- Born: 1972 (age 53–54)
- Education: Western Washington University University of Colorado (MFA) Pacific Lutheran University
- Writing career
- Genre: Novelist/fiction writer
- Notable work: Comfort Food
- Notable awards: Independent Publisher Book Award (Comfort Food, 2006)
- Website: noahashenhurst.com

= Noah Ashenhurst =

American novelist

Noah Ashenhurst (born 1972) is the author of the novel Comfort Food which won the 2006 Independent Publisher Book Award for Best Regional Fiction (West-Pacific). The novel is set primarily in the Pacific Northwest and deals with six characters who struggle to find their place and purpose in the world.

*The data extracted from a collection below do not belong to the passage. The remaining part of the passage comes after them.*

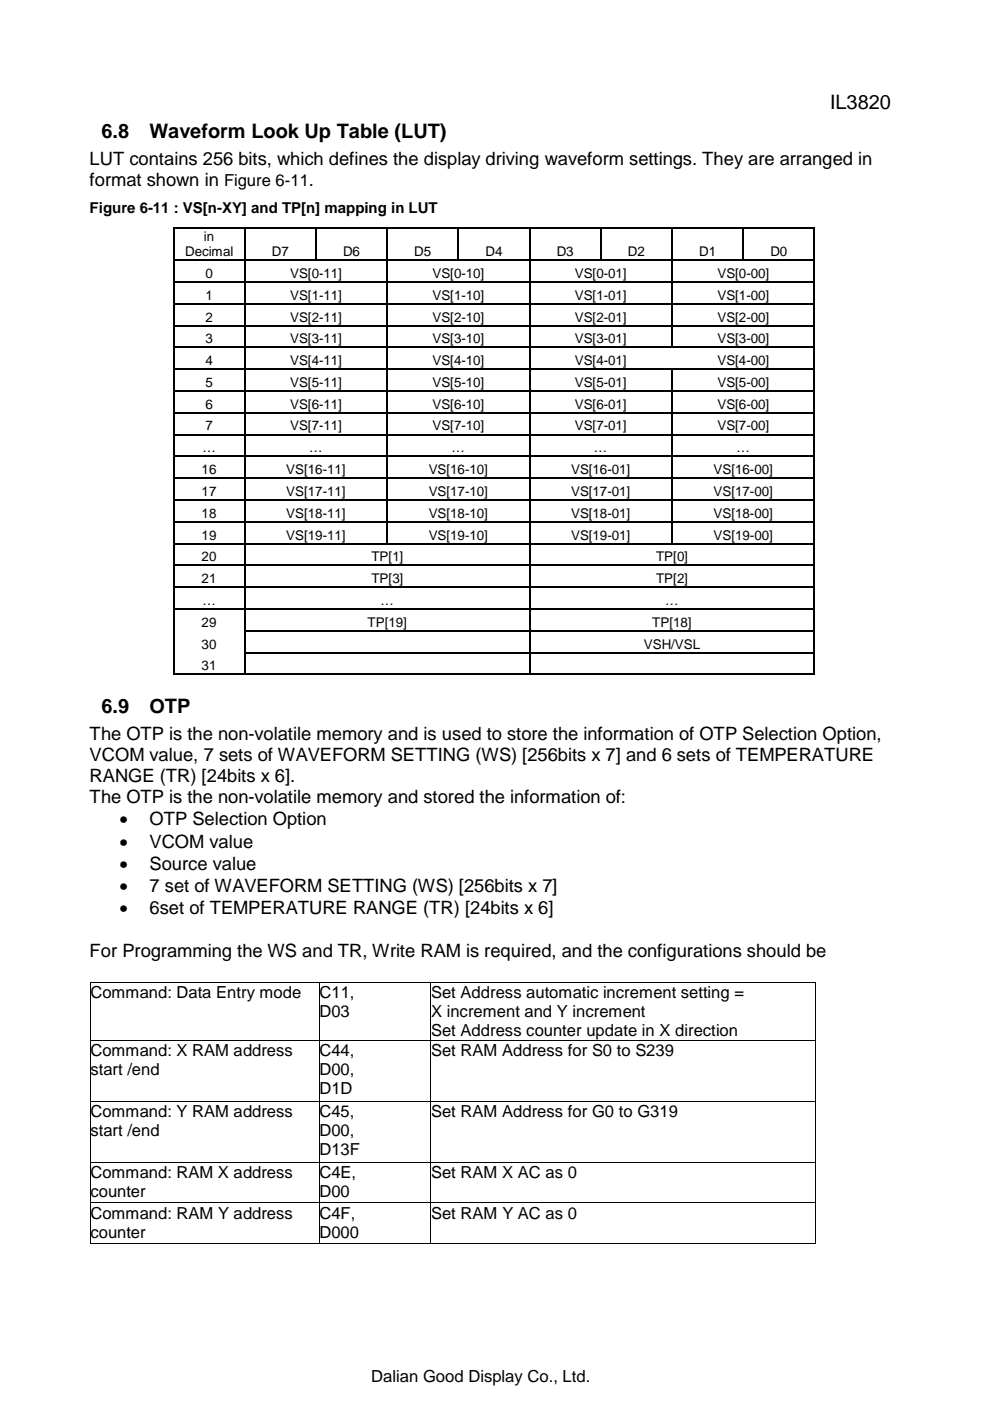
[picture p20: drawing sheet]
<svg xmlns="http://www.w3.org/2000/svg" width="210mm" height="297mm" viewBox="0 0 210 297" stroke-linecap="round" stroke-linejoin="round" font-family="sans-serif">
<defs><g id="words">
<g font-size="4.2">
<text x="176" y="23.2">IL3820</text>
<text x="21.5" y="29.3">6.8</text>
<text x="31.7" y="29.3">Waveform Look Up Table (LUT)</text>
<text x="21.5" y="151.3">6.9</text>
<text x="31.7" y="151.3">OTP</text>
</g>
<g font-size="3.9">
<text x="19" y="34.9">LUT contains 256 bits, which defines the display driving waveform settings. They are arranged in</text>
<text x="19" y="39.4">format shown in Figure 6-11.</text>
<text x="19" y="156.9">The OTP is the non-volatile memory and is used to store the information of OTP Selection Option,</text>
<text x="19" y="161.4">VCOM value, 7 sets of WAVEFORM SETTING (WS) [256bits x 7] and 6 sets of TEMPERATURE</text>
<text x="19" y="165.8">RANGE (TR) [24bits x 6].</text>
<text x="19" y="170.3">The OTP is the non-volatile memory and stored the information of:</text>
<text x="25.4" y="175">•</text>
<text x="25.4" y="179.7">•</text>
<text x="31.7" y="175">OTP Selection Option</text>
<text x="31.7" y="179.7">VCOM value</text>
<text x="25.4" y="184.4">•</text>
<text x="31.7" y="184.4">Source value</text>
<text x="25.4" y="189.2">•</text>
<text x="31.7" y="189.2">7 set of WAVEFORM SETTING (WS) [256bits x 7]</text>
<text x="25.4" y="193.9">•</text>
<text x="31.7" y="193.9">6set of TEMPERATURE RANGE (TR) [24bits x 6]</text>
<text x="19" y="202.8">For Programming the WS and TR, Write RAM is required, and the configurations should be</text>
</g>
<g font-size="3.5">
<text x="19.2" y="211.6">Command: Data Entry mode</text>
<text x="67.7" y="215.6">D03</text>
<text x="67.7" y="211.6">C11,</text>
<text x="91.4" y="211.6">Set Address automatic increment setting =</text>
<text x="91.4" y="215.6">X increment and Y increment</text>
<text x="91.4" y="219.7">Set Address counter update in X direction</text>
<text x="19.2" y="223.9">Command: X RAM address</text>
<text x="67.7" y="223.9">C44,</text>
<text x="91.4" y="223.9">Set RAM Address for S0 to S239</text>
<text x="19.2" y="228">start /end</text>
<text x="67.7" y="228">D00,</text>
<text x="67.7" y="232">D1D</text>
<text x="19.2" y="236.8">Command: Y RAM address</text>
<text x="67.7" y="236.8">C45,</text>
<text x="91.4" y="236.8">Set RAM Address for G0 to G319</text>
<text x="19.2" y="240.9">start /end</text>
<text x="67.7" y="240.9">D00,</text>
<text x="67.7" y="244.9">D13F</text>
<text x="19.2" y="249.7">Command: RAM X address</text>
<text x="67.7" y="249.7">C4E,</text>
<text x="91.4" y="249.7">Set RAM X AC as 0</text>
<text x="19.2" y="253.8">counter</text>
<text x="67.7" y="253.8">D00</text>
<text x="19.2" y="258.4">Command: RAM Y address</text>
<text x="19.2" y="262.4">counter</text>
<text x="67.7" y="258.4">C4F,</text>
<text x="67.7" y="262.4">D000</text>
<text x="91.4" y="258.4">Set RAM Y AC as 0</text>
<text x="78.7" y="293">Dalian Good Display Co., Ltd.</text>
</g>
<text font-size="3.2" x="19" y="45.3">Figure 6-11 : VS[n-XY] and TP[n] mapping in LUT</text>
<g font-size="2.8">
<text x="43.2" y="51.1">in</text>
<text x="39.2" y="54.3">Decimal</text>
<text x="43.6" y="58.9">0</text>
<text x="57.7" y="54.3">D7</text>
<text x="61.5" y="58.9">VS[0-11]</text>
<text x="72.7" y="54.3">D6</text>
<text x="87.8" y="54.3">D5</text>
<text x="91.7" y="58.9">VS[0-10]</text>
<text x="103" y="54.3">D4</text>
<text x="118" y="54.3">D3</text>
<text x="121.9" y="58.9">VS[0-01]</text>
<text x="133.1" y="54.3">D2</text>
<text x="148.3" y="54.3">D1</text>
<text x="152.1" y="58.9">VS[0-00]</text>
<text x="163.3" y="54.3">D0</text>
<text x="43.6" y="63.5">1</text>
<text x="61.5" y="63.5">VS[1-11]</text>
<text x="91.7" y="63.5">VS[1-10]</text>
<text x="121.9" y="63.5">VS[1-01]</text>
<text x="152.1" y="63.5">VS[1-00]</text>
<text x="43.6" y="68.2">2</text>
<text x="61.5" y="68.2">VS[2-11]</text>
<text x="91.7" y="68.2">VS[2-10]</text>
<text x="121.9" y="68.2">VS[2-01]</text>
<text x="152.1" y="68.2">VS[2-00]</text>
<text x="43.6" y="72.8">3</text>
<text x="43.6" y="77.4">4</text>
<text x="61.5" y="72.8">VS[3-11]</text>
<text x="61.5" y="77.4">VS[4-11]</text>
<text x="91.7" y="72.8">VS[3-10]</text>
<text x="91.7" y="77.4">VS[4-10]</text>
<text x="121.9" y="72.8">VS[3-01]</text>
<text x="121.9" y="77.4">VS[4-01]</text>
<text x="152.1" y="72.8">VS[3-00]</text>
<text x="152.1" y="77.4">VS[4-00]</text>
<text x="43.6" y="82">5</text>
<text x="61.5" y="82">VS[5-11]</text>
<text x="91.7" y="82">VS[5-10]</text>
<text x="121.9" y="82">VS[5-01]</text>
<text x="152.1" y="82">VS[5-00]</text>
<text x="43.6" y="86.7">6</text>
<text x="61.5" y="86.7">VS[6-11]</text>
<text x="91.7" y="86.7">VS[6-10]</text>
<text x="121.9" y="86.7">VS[6-01]</text>
<text x="152.1" y="86.7">VS[6-00]</text>
<text x="42.9" y="95.9">…</text>
<text x="43.6" y="91.3">7</text>
<text x="61.5" y="91.3">VS[7-11]</text>
<text x="65.6" y="95.9">…</text>
<text x="91.7" y="91.3">VS[7-10]</text>
<text x="95.8" y="95.9">…</text>
<text x="121.9" y="91.3">VS[7-01]</text>
<text x="125.9" y="95.9">…</text>
<text x="152.1" y="91.3">VS[7-00]</text>
<text x="156.2" y="95.9">…</text>
<text x="42.8" y="100.5">16</text>
<text x="60.7" y="100.5">VS[16-11]</text>
<text x="90.9" y="100.5">VS[16-10]</text>
<text x="121.1" y="100.5">VS[16-01]</text>
<text x="151.3" y="100.5">VS[16-00]</text>
<text x="42.8" y="105.2">17</text>
<text x="60.7" y="105.2">VS[17-11]</text>
<text x="90.9" y="105.2">VS[17-10]</text>
<text x="121.1" y="105.2">VS[17-01]</text>
<text x="151.3" y="105.2">VS[17-00]</text>
<text x="42.8" y="109.8">18</text>
<text x="60.7" y="109.8">VS[18-11]</text>
<text x="90.9" y="109.8">VS[18-10]</text>
<text x="121.1" y="109.8">VS[18-01]</text>
<text x="151.3" y="109.8">VS[18-00]</text>
<text x="42.8" y="114.4">19</text>
<text x="42.8" y="119">20</text>
<text x="60.7" y="114.4">VS[19-11]</text>
<text x="78.7" y="119">TP[1]</text>
<text x="90.9" y="114.4">VS[19-10]</text>
<text x="121.1" y="114.4">VS[19-01]</text>
<text x="139.1" y="119">TP[0]</text>
<text x="151.3" y="114.4">VS[19-00]</text>
<text x="42.8" y="123.7">21</text>
<text x="78.7" y="123.7">TP[3]</text>
<text x="139.1" y="123.7">TP[2]</text>
<text x="42.9" y="128.3">…</text>
<text x="80.7" y="128.3">…</text>
<text x="141.1" y="128.3">…</text>
<text x="42.8" y="132.9">29</text>
<text x="42.8" y="137.5">30</text>
<text x="77.9" y="132.9">TP[19]</text>
<text x="136.5" y="137.5">VSH/VSL</text>
<text x="138.3" y="132.9">TP[18]</text>
<text x="42.8" y="142.1">31</text>
</g>
</g></defs>
<g fill="#000">
<path d="M36.6 48.1h.4v.4h-.4zM36.6 55h.4v.3h-.4zM36.6 59.6h.4v.4h-.4zM51.7 48.1h.4v.4h-.4zM51.7 55h.4v.3h-.4zM51.7 59.6h.4v.4h-.4zM66.8 48.1h.4v.4h-.4zM66.8 55h.4v.3h-.4zM81.9 48.1h.4v.4h-.4zM81.9 55h.4v.3h-.4zM81.9 59.6h.4v.4h-.4zM97 48.1h.4v.4h-.4z"/>
<path d="M97 55h.4v.3h-.4zM112.1 48.1h.4v.4h-.4zM112.1 55h.4v.3h-.4zM112.1 59.6h.4v.4h-.4zM127.2 48.1h.3v.4h-.3zM127.2 55h.3v.3h-.3zM142.3 48.1h.4v.4h-.4zM142.3 55h.4v.3h-.4zM142.3 59.6h.4v.4h-.4zM157.4 48.1h.4v.4h-.4zM157.4 55h.4v.3h-.4zM172.5 48.1h.3v.4h-.3z"/>
<path d="M172.5 55h.3v.3h-.3zM172.5 59.6h.3v.4h-.3zM36.6 64.2h.4v.4h-.4zM36.6 68.8h.4v.4h-.4zM36.6 73.5h.4v.3h-.4zM36.6 78.1h.4v.4h-.4zM51.7 64.2h.4v.4h-.4zM51.7 68.8h.4v.4h-.4zM51.7 73.5h.4v.3h-.4zM51.7 78.1h.4v.4h-.4zM81.9 64.2h.4v.4h-.4zM81.9 68.8h.4v.4h-.4z"/>
<path d="M81.9 73.5h.4v.3h-.4zM81.9 78.1h.4v.4h-.4zM112.1 64.2h.4v.4h-.4zM112.1 68.8h.4v.4h-.4zM112.1 73.5h.4v.3h-.4zM112.1 78.1h.4v.4h-.4zM142.3 64.2h.4v.4h-.4zM142.3 68.8h.4v.4h-.4zM142.3 73.5h.4v.3h-.4zM142.3 78.1h.4v.4h-.4zM172.5 64.2h.3v.4h-.3zM172.5 68.8h.3v.4h-.3z"/>
<path d="M172.5 73.5h.3v.3h-.3zM172.5 78.1h.3v.4h-.3zM36.6 82.7h.4v.4h-.4zM36.6 87.3h.4v.4h-.4zM36.6 92h.4v.3h-.4zM36.6 96.6h.4v.3h-.4zM51.7 82.7h.4v.4h-.4zM51.7 87.3h.4v.4h-.4zM51.7 92h.4v.3h-.4zM51.7 96.6h.4v.3h-.4zM81.9 82.7h.4v.4h-.4zM81.9 87.3h.4v.4h-.4z"/>
<path d="M81.9 92h.4v.3h-.4zM81.9 96.6h.4v.3h-.4zM112.1 82.7h.4v.4h-.4zM112.1 87.3h.4v.4h-.4zM112.1 92h.4v.3h-.4zM112.1 96.6h.4v.3h-.4zM142.3 82.7h.4v.4h-.4zM142.3 87.3h.4v.4h-.4zM142.3 92h.4v.3h-.4zM142.3 96.6h.4v.3h-.4zM172.5 82.7h.3v.4h-.3zM172.5 87.3h.3v.4h-.3z"/>
<path d="M172.5 92h.3v.3h-.3zM172.5 96.6h.3v.3h-.3zM36.6 101.2h.4v.3h-.4zM36.6 105.8h.4v.4h-.4zM36.6 110.5h.4v.3h-.4zM36.6 115.1h.4v.3h-.4zM51.7 101.2h.4v.3h-.4zM51.7 105.8h.4v.4h-.4zM51.7 110.5h.4v.3h-.4zM51.7 115.1h.4v.3h-.4zM81.9 101.2h.4v.3h-.4zM81.9 105.8h.4v.4h-.4z"/>
<path d="M81.9 110.5h.4v.3h-.4zM81.9 115.1h.4v.3h-.4zM112.1 101.2h.4v.3h-.4zM112.1 105.8h.4v.4h-.4zM112.1 110.5h.4v.3h-.4zM112.1 115.1h.4v.3h-.4zM142.3 101.2h.4v.3h-.4zM142.3 105.8h.4v.4h-.4zM142.3 110.5h.4v.3h-.4zM142.3 115.1h.4v.3h-.4zM172.5 101.2h.3v.3h-.3zM172.5 105.8h.3v.4h-.3z"/>
<path d="M172.5 110.5h.3v.3h-.3zM172.5 115.1h.3v.3h-.3zM36.6 119.7h.4v.3h-.4zM36.6 124.3h.4v.3h-.4zM36.6 128.9h.4v.4h-.4zM36.6 133.6h.4v.3h-.4zM36.6 138.2h.4v.3h-.4zM51.7 119.7h.4v.3h-.4zM51.7 124.3h.4v.3h-.4zM51.7 128.9h.4v.4h-.4zM51.7 133.6h.4v.3h-.4zM51.7 138.2h.4v.3h-.4z"/>
<path d="M112.1 119.7h.4v.3h-.4zM112.1 124.3h.4v.3h-.4zM112.1 128.9h.4v.4h-.4zM112.1 133.6h.4v.3h-.4zM112.1 138.2h.4v.3h-.4zM172.5 119.7h.3v.3h-.3zM172.5 124.3h.3v.3h-.3zM172.5 128.9h.3v.4h-.3zM172.5 133.6h.3v.3h-.3zM172.5 138.2h.3v.3h-.3zM36.6 142.8h.4v.3h-.4zM51.7 142.8h.4v.3h-.4z"/>
<path d="M112.1 142.8h.4v.3h-.4zM172.5 142.8h.3v.3h-.3zM19 208.2h.2v.1h-.2zM67.6 208.2h.1v.1h-.1zM91.2 208.2h.2v.1h-.2zM172.8 208.2h.2v.1h-.2zM19 220.5h.2v.2h-.2zM19 233.4h.2v.2h-.2zM67.6 220.5h.1v.2h-.1zM67.6 233.4h.1v.2h-.1zM91.2 220.5h.2v.2h-.2zM91.2 233.4h.2v.2h-.2z"/>
<path d="M172.8 220.5h.2v.2h-.2zM172.8 233.4h.2v.2h-.2zM19 246.3h.2v.2h-.2zM19 254.9h.2v.2h-.2zM67.6 246.3h.1v.2h-.1zM67.6 254.9h.1v.2h-.1zM91.2 246.3h.2v.2h-.2zM91.2 254.9h.2v.2h-.2zM172.8 246.3h.2v.2h-.2zM172.8 254.9h.2v.2h-.2zM19 263.6h.2v.2h-.2zM67.6 263.6h.1v.2h-.1z"/>
<path d="M91.2 263.6h.2v.2h-.2zM172.8 263.6h.2v.2h-.2z"/>
</g>
<g fill="none" stroke="#000" stroke-width=".34">
<path d="M36.8 48.5v6.5M36.8 55.3v4.3M36.8 60v4.2M37 48.3h14.7M37 55.2h14.7M37 59.8h14.7M51.9 48.5v6.5M51.9 55.3v4.3M51.9 60v4.2M52.1 48.3h14.7M52.1 55.2h14.7M52.1 59.8h29.8"/>
<path d="M67 48.5v6.5M67.2 48.3h14.7M67.2 55.2h14.7M82.1 48.5v6.5M82.1 55.3v4.3M82.1 60v4.2M82.3 48.3h14.7M82.3 55.2h14.7M82.3 59.8h29.8M97.2 48.5v6.5M97.4 48.3h14.7M97.4 55.2h14.7"/>
<path d="M112.3 48.5v6.5M112.3 55.3v4.3M112.3 60v4.2M112.5 48.3h14.7M112.5 55.2h14.7M112.5 59.8h29.8M127.4 48.5v6.5M127.5 48.3h14.8M127.5 55.2h14.8M142.5 48.5v6.5M142.5 55.3v4.3M142.5 60v4.2"/>
<path d="M142.7 48.3h14.7M142.7 55.2h14.7M142.7 59.8h29.8M157.6 48.5v6.5M157.8 48.3h14.7M157.8 55.2h14.7M172.7 48.5v6.5M172.7 55.3v4.3M172.7 60v4.2M36.8 64.6v4.2M36.8 69.2v4.3M36.8 73.8v4.3"/>
<path d="M36.8 78.5v4.2M37 64.4h14.7M37 69h14.7M37 73.6h14.7M37 78.3h14.7M51.9 64.6v4.2M51.9 69.2v4.3M51.9 73.8v4.3M51.9 78.5v4.2M52.1 64.4h29.8M52.1 69h29.8M52.1 73.6h29.8"/>
<path d="M52.1 78.3h29.8M82.1 64.6v4.2M82.1 69.2v4.3M82.1 73.8v4.3M82.1 78.5v4.2M82.3 64.4h29.8M82.3 69h29.8M82.3 73.6h29.8M82.3 78.3h29.8M112.3 64.6v4.2M112.3 69.2v4.3M112.3 73.8v4.3"/>
<path d="M112.3 78.5v4.2M112.5 64.4h29.8M112.5 69h29.8M112.5 73.6h29.8M112.5 78.3h29.8M142.5 64.6v4.2M142.5 69.2v4.3M142.5 78.5v4.2M142.7 64.4h29.8M142.7 69h29.8M142.7 73.6h29.8M142.7 78.3h29.8"/>
<path d="M172.7 64.6v4.2M172.7 69.2v4.3M172.7 73.8v4.3M172.7 78.5v4.2M36.8 83.1v4.2M36.8 87.7v4.3M36.8 92.3v4.3M36.8 96.9v4.3M37 82.9h14.7M37 87.5h14.7M37 92.1h14.7M37 96.7h14.7"/>
<path d="M51.9 83.1v4.2M51.9 87.7v4.3M51.9 92.3v4.3M51.9 96.9v4.3M52.1 82.9h29.8M52.1 87.5h29.8M52.1 92.1h29.8M52.1 96.7h29.8M82.1 83.1v4.2M82.1 87.7v4.3M82.1 92.3v4.3M82.1 96.9v4.3"/>
<path d="M82.3 82.9h29.8M82.3 87.5h29.8M82.3 92.1h29.8M82.3 96.7h29.8M112.3 83.1v4.2M112.3 87.7v4.3M112.3 92.3v4.3M112.3 96.9v4.3M112.5 82.9h29.8M112.5 87.5h29.8M112.5 92.1h29.8M112.5 96.7h29.8"/>
<path d="M142.5 83.1v4.2M142.5 87.7v4.3M142.5 92.3v4.3M142.5 96.9v4.3M142.7 82.9h29.8M142.7 87.5h29.8M142.7 92.1h29.8M142.7 96.7h29.8M172.7 83.1v4.2M172.7 87.7v4.3M172.7 92.3v4.3M172.7 96.9v4.3"/>
<path d="M36.8 101.5v4.3M36.8 106.2v4.3M36.8 110.8v4.3M36.8 115.4v4.3M37 101.4h14.7M37 106h14.7M37 110.6h14.7M37 115.2h14.7M37 119.9h14.7M51.9 101.5v4.3M51.9 106.2v4.3M51.9 110.8v4.3"/>
<path d="M51.9 115.4v4.3M52.1 101.4h29.8M52.1 106h29.8M52.1 110.6h29.8M52.1 115.2h29.8M52.1 119.9h60M82.1 101.5v4.3M82.1 106.2v4.3M82.1 110.8v4.3M82.3 101.4h29.8M82.3 106h29.8M82.3 110.6h29.8"/>
<path d="M82.3 115.2h29.8M112.3 101.5v4.3M112.3 106.2v4.3M112.3 110.8v4.3M112.3 115.4v4.3M112.5 101.4h29.8M112.5 106h29.8M112.5 110.6h29.8M112.5 115.2h29.8M112.5 119.9h60M142.5 101.5v4.3M142.5 106.2v4.3"/>
<path d="M142.5 110.8v4.3M142.7 101.4h29.8M142.7 106h29.8M142.7 110.6h29.8M142.7 115.2h29.8M172.7 101.5v4.3M172.7 106.2v4.3M172.7 110.8v4.3M172.7 115.4v4.3M36.8 120v4.3M36.8 124.6v4.3M36.8 129.3v4.3"/>
<path d="M36.8 133.9v4.3M36.8 138.5v4.3M37 124.5h14.7M37 129.1h14.7M51.9 120v4.3M51.9 124.6v4.3M51.9 129.3v4.3M51.9 133.9v4.3M51.9 138.5v4.3M52.1 124.5h60M52.1 129.1h60M52.1 133.7h60"/>
<path d="M52.1 138.4h60M112.3 120v4.3M112.3 124.6v4.3M112.3 129.3v4.3M112.3 133.9v4.3M112.3 138.5v4.3M112.5 124.5h60M112.5 129.1h60M112.5 133.7h60M112.5 138.4h60M172.7 120v4.3M172.7 124.6v4.3"/>
<path d="M172.7 129.3v4.3M172.7 133.9v4.3M172.7 138.5v4.3M37 143h14.7M52.1 143h60M112.5 143h60"/>
</g>
<g fill="none" stroke="#000" stroke-width=".21">
<path d="M19.1 208.3v12.2M19.2 208.2h48.4M67.6 208.3v12.2M67.7 208.2h23.5M91.3 208.3v12.2M91.4 208.2h81.4M172.9 208.3v12.2M19.1 220.7v12.7M19.1 233.6v12.7M19.2 220.6h48.4M19.2 233.5h48.4M67.6 220.7v12.7"/>
<path d="M67.6 233.6v12.7M67.7 220.6h23.5M67.7 233.5h23.5M91.3 220.7v12.7M91.3 233.6v12.7M91.4 220.6h81.4M91.4 233.5h81.4M172.9 220.7v12.7M172.9 233.6v12.7M19.1 246.5v8.4M19.1 255.1v8.5M19.2 246.4h48.4"/>
<path d="M19.2 255h48.4M67.6 246.5v8.4M67.6 255.1v8.5M67.7 246.4h23.5M67.7 255h23.5M91.3 246.5v8.4M91.3 255.1v8.5M91.4 246.4h81.4M91.4 255h81.4M172.9 246.5v8.4M172.9 255.1v8.5M19.2 263.7h48.4"/>
<path d="M67.7 263.7h23.5M91.4 263.7h81.4"/>
</g>
<use href="#words"/>
</svg>

His short fiction has appeared in Beyond the Margins: A Literature and Art Magazine, apparatus magazine:a literary journal from the internal machine, Brittle Star, Write This, and Absinthe Revival.

Ashenhurst grew up in Boulder, Colorado where he attended Boulder High School. He attended Western Washington University and the University of Colorado. He earned his MFA from Rainier Writing Workshop, Pacific Lutheran University, and is writing his second novel.

He has worked in a salmon cannery in Alaska, has traveled to Budapest and Prague, and remodeled houses in Boulder. He currently lives in Mason County, Washington. He taught English and creative writing at North Mason High School in Belfair, WA and is now an online English teacher in Olympia, Washington.